In my last post you will have seen the front cover for the new Shires Library book 'British Family Cars of the 1950s & 60s'. The photograph was a last minute choice after I'd seen an immaculate 1959 Morris Oxford Traveller at the 38th Nottinghamshire Classic Car, Motorcycle & MiniShow at Thoresby Hall. I fell in love with it, and on returning home quickly found myself looking for the original brochure. On receipt I was very pleased to see on the inside two gentleman loading cut flowers into the back of a model in the same colours, which I now know to be Dark Green and Island Green. What was it that appealed so much? Partly I think it was because this was the All Steel Traveller, rare I would imagine against the once numerous ash framed version that looked like an enlarged elder sister of the ubiquitous Morris Minor Traveller. But mainly I think it stirred my imagination into picturing it drawn up outside a Southern Region railway station on the Sussex / Kent borders.
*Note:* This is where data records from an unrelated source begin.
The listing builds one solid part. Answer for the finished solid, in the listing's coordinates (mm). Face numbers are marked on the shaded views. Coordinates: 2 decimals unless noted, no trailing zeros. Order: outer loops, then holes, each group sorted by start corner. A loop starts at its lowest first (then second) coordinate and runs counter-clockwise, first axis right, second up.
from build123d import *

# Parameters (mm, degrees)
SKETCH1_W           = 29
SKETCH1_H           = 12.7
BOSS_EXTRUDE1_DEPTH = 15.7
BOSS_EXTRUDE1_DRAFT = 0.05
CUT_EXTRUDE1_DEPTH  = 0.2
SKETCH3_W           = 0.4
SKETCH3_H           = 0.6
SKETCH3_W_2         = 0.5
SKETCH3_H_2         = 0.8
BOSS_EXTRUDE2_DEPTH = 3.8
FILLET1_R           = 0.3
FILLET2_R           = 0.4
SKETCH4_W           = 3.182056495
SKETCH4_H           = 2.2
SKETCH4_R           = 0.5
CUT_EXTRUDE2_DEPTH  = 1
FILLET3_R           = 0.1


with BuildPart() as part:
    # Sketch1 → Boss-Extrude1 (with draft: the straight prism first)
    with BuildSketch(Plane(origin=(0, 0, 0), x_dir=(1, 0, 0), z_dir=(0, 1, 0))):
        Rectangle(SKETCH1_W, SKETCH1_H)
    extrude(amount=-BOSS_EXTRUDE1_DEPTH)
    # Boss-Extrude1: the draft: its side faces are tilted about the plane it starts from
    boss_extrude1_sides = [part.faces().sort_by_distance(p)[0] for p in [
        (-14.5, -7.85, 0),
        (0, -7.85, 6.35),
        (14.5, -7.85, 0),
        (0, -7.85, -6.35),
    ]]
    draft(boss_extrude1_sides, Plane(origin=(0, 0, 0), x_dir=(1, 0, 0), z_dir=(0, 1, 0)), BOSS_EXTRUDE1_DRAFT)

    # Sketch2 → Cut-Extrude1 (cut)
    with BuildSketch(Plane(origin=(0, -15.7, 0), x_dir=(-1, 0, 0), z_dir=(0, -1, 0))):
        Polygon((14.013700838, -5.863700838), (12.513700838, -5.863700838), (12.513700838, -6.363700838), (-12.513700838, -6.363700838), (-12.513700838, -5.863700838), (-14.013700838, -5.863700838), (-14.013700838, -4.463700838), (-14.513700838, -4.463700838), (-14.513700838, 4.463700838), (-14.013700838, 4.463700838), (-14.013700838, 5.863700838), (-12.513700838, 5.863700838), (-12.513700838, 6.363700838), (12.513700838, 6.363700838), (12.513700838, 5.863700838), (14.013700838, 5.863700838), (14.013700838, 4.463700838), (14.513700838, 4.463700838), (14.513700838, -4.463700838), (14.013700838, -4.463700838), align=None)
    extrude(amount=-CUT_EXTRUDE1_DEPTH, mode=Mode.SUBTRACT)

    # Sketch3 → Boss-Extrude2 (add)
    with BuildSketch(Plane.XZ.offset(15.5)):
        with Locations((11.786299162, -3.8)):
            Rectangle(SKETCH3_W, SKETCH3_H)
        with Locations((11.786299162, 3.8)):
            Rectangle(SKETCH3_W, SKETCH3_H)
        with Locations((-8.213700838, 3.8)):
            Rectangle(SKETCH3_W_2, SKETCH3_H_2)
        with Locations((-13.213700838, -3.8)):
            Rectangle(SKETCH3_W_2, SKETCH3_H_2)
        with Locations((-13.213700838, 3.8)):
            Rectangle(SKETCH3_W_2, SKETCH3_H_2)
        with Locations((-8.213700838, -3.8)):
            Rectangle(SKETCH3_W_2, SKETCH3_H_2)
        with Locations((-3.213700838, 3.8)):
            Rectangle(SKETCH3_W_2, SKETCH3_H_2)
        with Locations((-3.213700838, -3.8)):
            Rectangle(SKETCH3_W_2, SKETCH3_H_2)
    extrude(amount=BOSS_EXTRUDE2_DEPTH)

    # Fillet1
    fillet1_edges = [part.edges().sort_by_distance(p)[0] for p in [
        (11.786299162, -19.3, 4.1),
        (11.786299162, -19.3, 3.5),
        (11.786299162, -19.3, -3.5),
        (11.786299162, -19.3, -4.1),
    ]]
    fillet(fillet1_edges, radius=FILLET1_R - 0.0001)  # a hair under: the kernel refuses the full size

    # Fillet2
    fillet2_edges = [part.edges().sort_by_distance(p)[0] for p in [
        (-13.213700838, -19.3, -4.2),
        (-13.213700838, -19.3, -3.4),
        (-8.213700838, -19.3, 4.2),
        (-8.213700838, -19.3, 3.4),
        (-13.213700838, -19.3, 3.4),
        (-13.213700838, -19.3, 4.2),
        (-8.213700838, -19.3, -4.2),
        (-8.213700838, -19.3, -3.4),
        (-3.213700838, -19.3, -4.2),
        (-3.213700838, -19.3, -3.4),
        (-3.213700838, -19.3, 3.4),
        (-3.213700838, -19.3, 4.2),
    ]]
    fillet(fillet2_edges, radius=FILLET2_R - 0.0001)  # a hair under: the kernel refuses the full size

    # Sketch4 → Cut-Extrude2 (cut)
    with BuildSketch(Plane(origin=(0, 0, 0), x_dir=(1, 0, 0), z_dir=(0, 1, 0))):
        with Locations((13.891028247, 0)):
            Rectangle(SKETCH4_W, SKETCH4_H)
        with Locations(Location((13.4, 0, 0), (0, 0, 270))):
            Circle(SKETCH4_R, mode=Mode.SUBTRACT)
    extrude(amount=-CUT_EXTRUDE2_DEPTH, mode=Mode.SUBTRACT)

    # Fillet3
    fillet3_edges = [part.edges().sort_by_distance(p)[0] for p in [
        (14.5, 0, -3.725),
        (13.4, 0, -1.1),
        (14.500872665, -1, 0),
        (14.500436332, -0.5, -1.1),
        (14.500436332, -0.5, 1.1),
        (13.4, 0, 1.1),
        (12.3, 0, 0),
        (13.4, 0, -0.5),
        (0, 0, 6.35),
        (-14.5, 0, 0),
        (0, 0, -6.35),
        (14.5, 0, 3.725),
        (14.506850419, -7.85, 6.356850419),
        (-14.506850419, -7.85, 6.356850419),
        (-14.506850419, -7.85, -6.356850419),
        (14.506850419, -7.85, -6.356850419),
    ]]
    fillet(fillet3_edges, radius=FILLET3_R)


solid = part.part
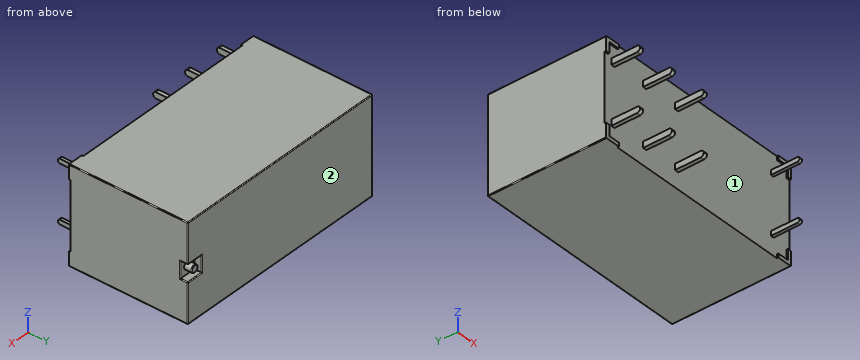
(1) Find the intervals of material crossed by probe 1 along Z at (x, y) = (9, -3.5); probe 2 along Y at (x, z) = (-2.75, 2.25); probe 3 along X at (y, z) = (-6.25, 3.25), in increasing order.
(2) The mould has two halves that part along X. Classify the marked faces 1 and 2: pulls with the +X half, pulls with the -X half, needs draft (parallel to the pull), parting line crosses it, or undercut.
(3) Find section C-C on x = -5. Determine the outline of the cut face in (y, z).
(4) Find section D-D on z = -3. Determine the outline of the cut face in (x, y), then the cut area to 3 significant figures.
(5) Find section B-B on z = 0. Determine the outline of the cut face in (x, y).
(6) Given pin 1 Ø0.9 at (y, z) = (-17, 3.5) entering from +X; pin 2 Ø10 at (x, y) = (-4.5, -2) entering from -Z; pin 3 Ø0.6 at (y, z) = (-17, -3.5) entering from -X, each flat-ended and moving along its own axis, determine where each tip first touches the part or whether it passes through.
(7) Find section A-A on x = 13.4. Determine the outline of the cut face in (y, z).
Resolved:
1. probe 1: z = -6.35 to 6.35
1. probe 2: y = -15.5 to 0
1. probe 3: x = -14.51 to 14.51
2. face 1: undercut
2. face 2: needs draft
3. outline: (-15.5, -6.36) - (-0.1, -6.35) arc R0.1 ccw to (0, -6.25) - (0, 6.25) arc R0.1 ccw to (-0.1, 6.35) - (-15.5, 6.36) - close
4. outline: (-14.51, -15.5) - (14.51, -15.5) - (14.5, -0.1) arc R0.1 ccw to (14.4, 0) - (-14.4, 0) arc R0.1 ccw to (-14.5, -0.1) - close
4. area: 450 mm2
5. outline: (-14.51, -15.5) - (14.51, -15.5) - (14.5, -1.1) arc R0.1 ccw to (14.4, -1) - (13.9, -1) - (13.9, -0.1) arc R0.1 ccw to (13.8, 0) - (13, 0) arc R0.1 ccw to (12.9, -0.1) - (12.9, -1) - (12.3, -1) - (12.3, -0.1) arc R0.1 ccw to (12.2, 0) - (-14.4, 0) arc R0.1 ccw to (-14.5, -0.1) - close
6. pin 1: stops at x = 11.99
6. pin 2: stops at z = -6.36
6. pin 3: stops at x = -13.46
7. outline: (-15.7, -6.36) - (-0.1, -6.35) arc R0.1 ccw to (0, -6.25) - (0, -1.2) arc R0.1 ccw to (-0.1, -1.1) - (-1, -1.1) - (-1, -0.5) - (-0.1, -0.5) arc R0.1 ccw to (0, -0.4) - (0, 0.4) arc R0.1 ccw to (-0.1, 0.5) - (-1, 0.5) - (-1, 1.1) - (-0.1, 1.1) arc R0.1 ccw to (0, 1.2) - (0, 6.25) arc R0.1 ccw to (-0.1, 6.35) - (-15.7, 6.36) - (-15.7, 5.86) - (-15.5, 5.86) - (-15.5, -5.86) - (-15.7, -5.86) - close

Early evening light reflecting off the chrome as the signal arm elevates to welcome the 5.15 from Victoria, a red setter getting excited in the back as a lady in a pink gingham blouse drums red painted nails against the steering wheel... [alright, enough of that. Ed.]
Back in the real world at Thoresby Hall my pleasure was further enhanced by my seeing a perfect contemporary picnic basket open on the back seat, cream crockery neatly strapped in against the wicker lid. As the brochure says: This new Oxford All-Steel Traveller is not only robust, colourful, and handsome, but also has line and design to make it the most accommodating and versatile multi-purpose car ever. I love that blatant and confident 'ever'.
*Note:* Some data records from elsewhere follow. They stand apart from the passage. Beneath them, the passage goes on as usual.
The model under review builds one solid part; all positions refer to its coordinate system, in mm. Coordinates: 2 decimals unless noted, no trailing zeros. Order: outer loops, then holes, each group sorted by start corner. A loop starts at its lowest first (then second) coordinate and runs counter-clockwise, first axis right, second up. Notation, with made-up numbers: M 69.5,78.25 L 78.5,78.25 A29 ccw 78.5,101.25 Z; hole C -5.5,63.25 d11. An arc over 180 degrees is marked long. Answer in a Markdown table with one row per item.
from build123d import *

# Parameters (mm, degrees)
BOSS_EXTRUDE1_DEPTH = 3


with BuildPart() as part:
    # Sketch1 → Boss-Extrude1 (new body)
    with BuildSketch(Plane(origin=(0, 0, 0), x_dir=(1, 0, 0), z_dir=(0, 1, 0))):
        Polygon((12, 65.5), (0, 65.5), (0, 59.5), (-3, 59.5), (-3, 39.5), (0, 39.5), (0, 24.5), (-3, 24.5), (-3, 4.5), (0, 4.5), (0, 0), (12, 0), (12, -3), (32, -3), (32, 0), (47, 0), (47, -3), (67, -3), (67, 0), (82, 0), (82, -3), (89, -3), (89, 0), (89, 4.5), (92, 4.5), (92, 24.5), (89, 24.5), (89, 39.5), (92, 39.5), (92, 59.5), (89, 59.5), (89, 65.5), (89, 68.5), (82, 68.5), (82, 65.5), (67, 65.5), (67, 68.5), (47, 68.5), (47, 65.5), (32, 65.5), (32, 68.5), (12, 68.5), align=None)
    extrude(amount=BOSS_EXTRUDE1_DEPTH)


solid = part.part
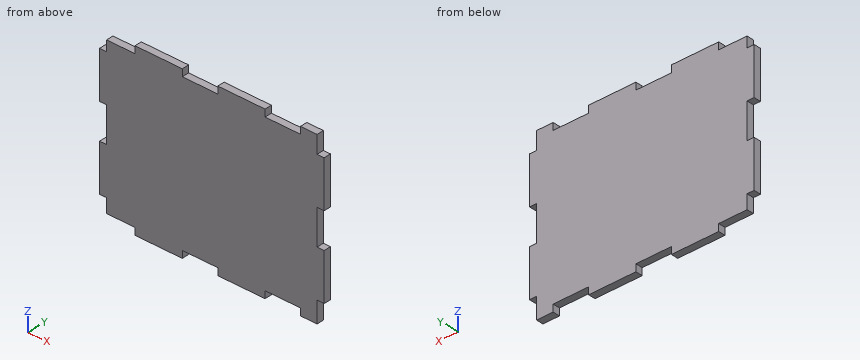
(1) Take a section at B-B (x = 70). Write out the cut boundary in (y, z).
Report:
| item | result |
|---|---|
| outline | M 0,-65.5 L 3,-65.5 L 3,0 L 0,0 Z |
(2) To check wall thickness, follow line 1 (Z direction, x = 10.5, y = 2.65); line 2 (X direction, y = 2.35, z = -29). State the ranges of each line that lie inside material, in increasing order. Write a range as [from, to].
Report:
| item | result |
|---|---|
| line 1 | [-65.5, 0] |
| line 2 | [0, 89] |
(3) Take a section at A-A (z = -1.5). Write out the cut boundary in (x, y), then the cut area to 3 significant figures.
Report:
| item | result |
|---|---|
| outline | M 0,0 L 89,0 L 89,3 L 0,3 Z |
| area | 267 mm^2 |
(4) Insertion check: P1, Ø0.9, axis at y = 2, z = -61.5, coming from the -X side; P2, Ø0.9, axis at y = 1, z = 2, coming from the -X side; P3, Ø1.5, axis at y = 2, z = -67, coming from the +X side. Each pin has a flat end and moves straight along its axis. Give the tip position at first contact, or say it passes through.
Report:
| item | result |
|---|---|
| P1 | x = 0 |
| P2 | x = 12 |
| P3 | x = 89 |

In Unmitigated England, there are certain essential books that must appear on bookshelves, both in the home and at the local library. An assortment of Everyman Classics, a row of dog-eared Penguins, everything by Jonathan Meades and a set of Shell Guides. And quite recently a byelaw was introduced that states that everyone coming of age will receive a representative set of twenty one Shire Books. What an institution they have become. "...such gems" as Joanna Lumley has it; "...in every way delightful", Lucinda Lambton. And that's just the girls. "You won't be disappointed" joins in Jonathan Dimbleby.And they're right.Perhaps, to begin with,we remember them as quirkily typographic booklets with monotone text and illustrations, telling us about things like Whitby Jet and Roman Coins. And then, seven years or so ago they came under the direction of Nick Wright at Osprey Publishing and the Shire brand was extended, pummelled into shape and made to stand upright in a smart new livery on the Shire Spinners in countrywide bookshops. And now in glorious colour too!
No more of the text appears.